Rather than being ashamed of me, the faculty that I had come to know, trust, and dare I say love, rallied around me. To boost my GRE score before applying again, one faculty member recommended a Stanley Kaplan preparation course (he even paid for it for me); another coached me on my statement, and a third helped me to rethink my approach to the letters. They also steered me in the direction of Wayne State University’s history MA program as an opportunity to further build my skills and as a stepping stone to another application to Ann Arbor. In the end, this path eventually worked—another failed application before a third and finally successful one). The rest, to use the obvious pun, is history.

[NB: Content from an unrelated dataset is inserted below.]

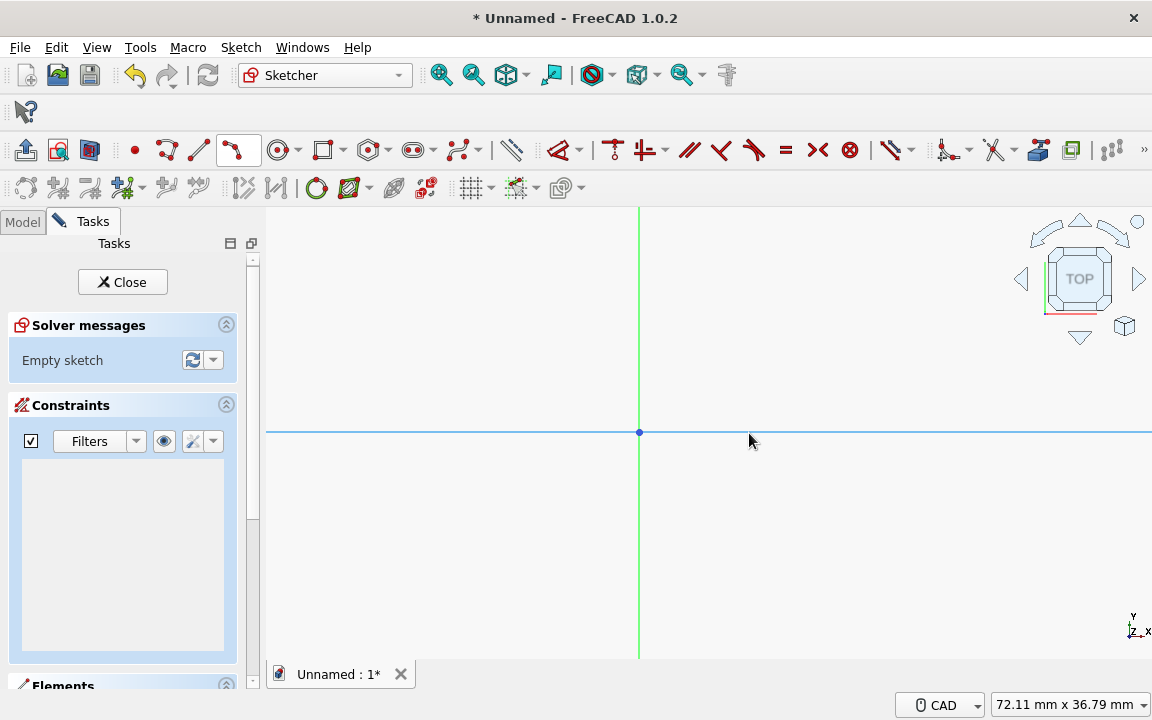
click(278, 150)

Looking back on this story with years of experience and perspective now in hand, I recognize the many obstacles and challenges that my being a first-generation college posed for me: the lack of experienced friends and family to turn to for guidance; the constant questions– “who did I think I was?” “who do you think you’re fooling?” “you’re doing what?” “how do I do this?”; the many signals I received suggesting that maybe I didn’t belong (the professor who took great glee in condescendingly correcting my incorrect pronunciation of the word paradigm—sorry, I wouldn’t have known a paradigm then if it had hit me over the head); the fear of asking questions (“you should know how to do this—look it up”) and looking stupid; the fear of failure; my family’s turning away from me as they felt that I’d no longer be interested in their mundane lives and activities; etc. All of these things and so many more made my educational path more difficult but they also made it incredibly rewarding. The first gen experience challenged me and forced me to be adaptable, to be empathetic and patient, and to be persistent. I’m well past that postcard now (though I still have it) and have accomplished many more things than I ever imagined (becoming a Dean? I didn’t even know what a Dean was when I started college) possible. I consider myself the luckiest person alive to have been able to return to my alma mater to practice the profession that I was first introduced to on this campus and to continue to work with students whose lives (albeit unfolding at a different historical epoch) mirror my own in so many ways!